У меня есть друг-композитор, и мы с ним немного разговаривали про Шостаковича. Немного, но достаточно для того, чтобы я поняла, что я знаю про Шостаковича предательски мало. Книга протоиерея Михаила Ардова совсем крошечная. Ардов хорошо знал детей Шостаковича — Галину и Максима — и в какой-то момент решил записать их воспоминания об отце. Потом опросил ещё с десяток знакомых, нашел письма Шостаковича, поработал. Ардов не пишет про Шостаковича — он пишет про великую душу, и ему удаётся это сделать очень деликатно и точно. Через смешные истории о том, как композитор учил сына не врать. Или как просто и без всякого апломба он сочинял музыку среди домашнего хаоса и криков. В этой книге очень много поэзии и красоты отдельного человека. Я такое люблю и ценю — и поэтому 250 страниц читаю уже два месяца: не хочу, чтобы они кончались.

Павел Басинский

«Лев Толстой: бегство из рая»

Я очень люблю Льва Николаевича Толстого. Он завораживает меня не только как писатель, но и как человек. Когда мне плохо, хочется читать «Анну Каренину», когда хорошо — тоже. Вообще, часто, когда я беру какую-то книгу в руки, я думаю: а зачем? Может, лучше «Каренину»? И дело не только в том, что я считаю «Анну Каренину» лучшим романом (да, я так считаю).

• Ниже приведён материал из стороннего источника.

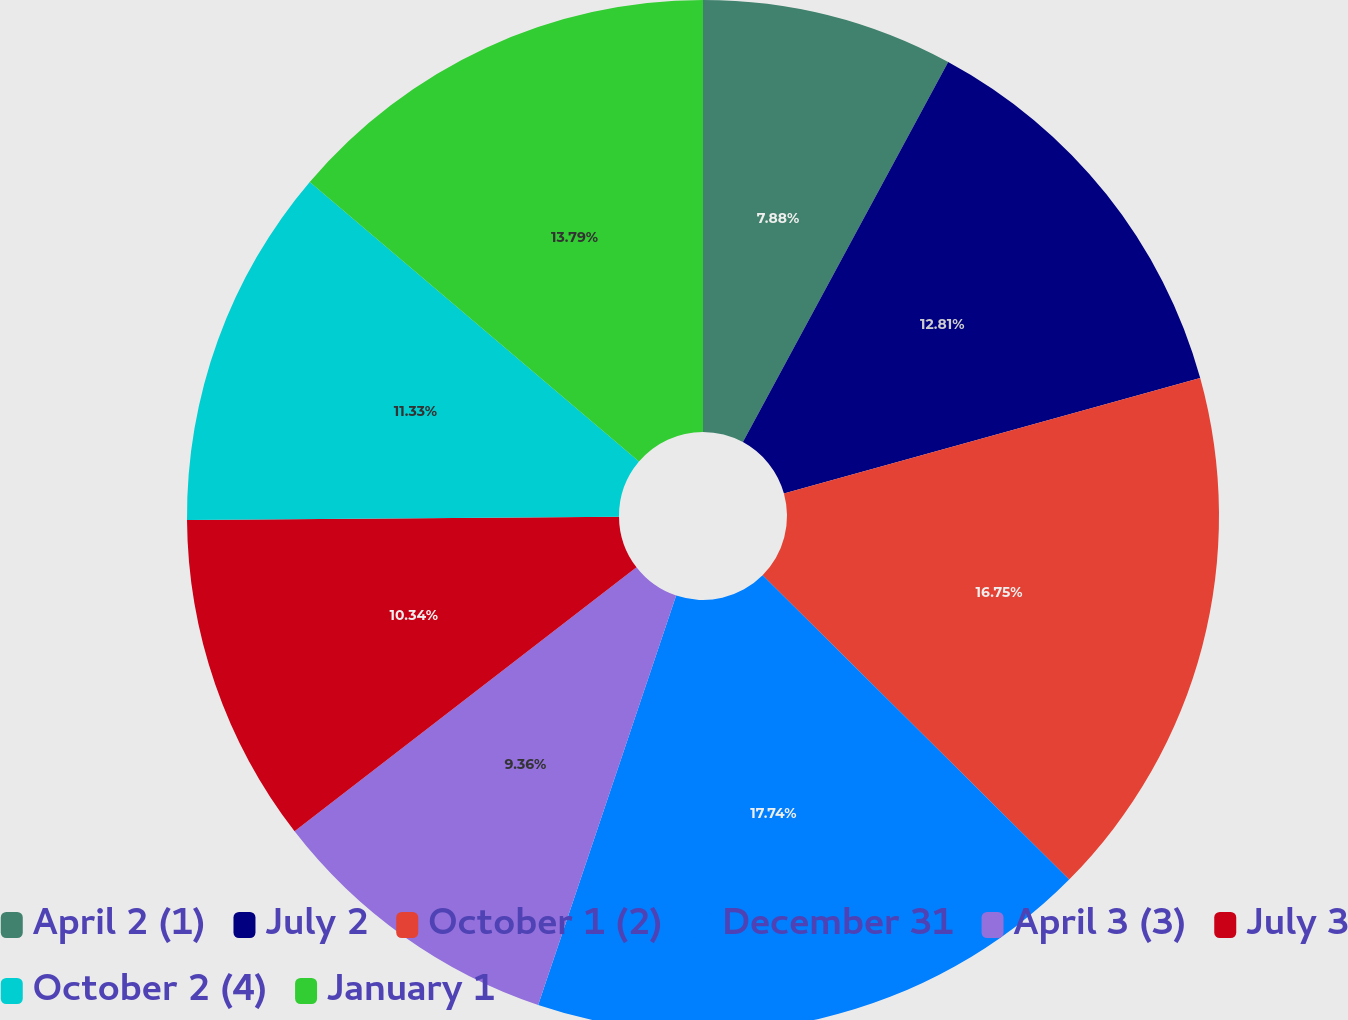<chart> <loc_0><loc_0><loc_500><loc_500><pie_chart><fcel>April 2 (1)<fcel>July 2<fcel>October 1 (2)<fcel>December 31<fcel>April 3 (3)<fcel>July 3<fcel>October 2 (4)<fcel>January 1<nl><fcel>7.88%<fcel>12.81%<fcel>16.75%<fcel>17.73%<fcel>9.36%<fcel>10.34%<fcel>11.33%<fcel>13.79%<nl></chart> 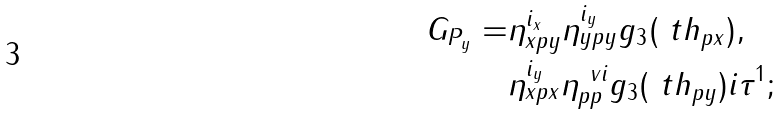<formula> <loc_0><loc_0><loc_500><loc_500>G _ { P _ { y } } = & \eta _ { x p y } ^ { i _ { x } } \eta _ { y p y } ^ { i _ { y } } g _ { 3 } ( \ t h _ { p x } ) , \\ & \eta _ { x p x } ^ { i _ { y } } \eta _ { p p } ^ { \ v i } g _ { 3 } ( \ t h _ { p y } ) i \tau ^ { 1 } ;</formula>

Всю книгу Басинского я прочла почему-то в ванной. А когда дочитала, забрала маму и в первый раз в жизни поехала в Ясную Поляну — и там эта книга быстренько ожила. Я как будто ходила и смотрела фильм про последние годы Льва Николаевича, которые он провёл в усадьбе — именно об этом в своей книге Басинский и пишет. Тут он не просто ожил, он совсем во мне поселился. Мне очень сложно осознать, что его физически уже не существует. Как это, если я чувствую его присутствие? Может быть, если бы не книга Басинского, я бы ещё долго не доехала до могилы Толстого. А лучше, чем это место, лаконичную красоту и правду, кажется, не передаёт ничто.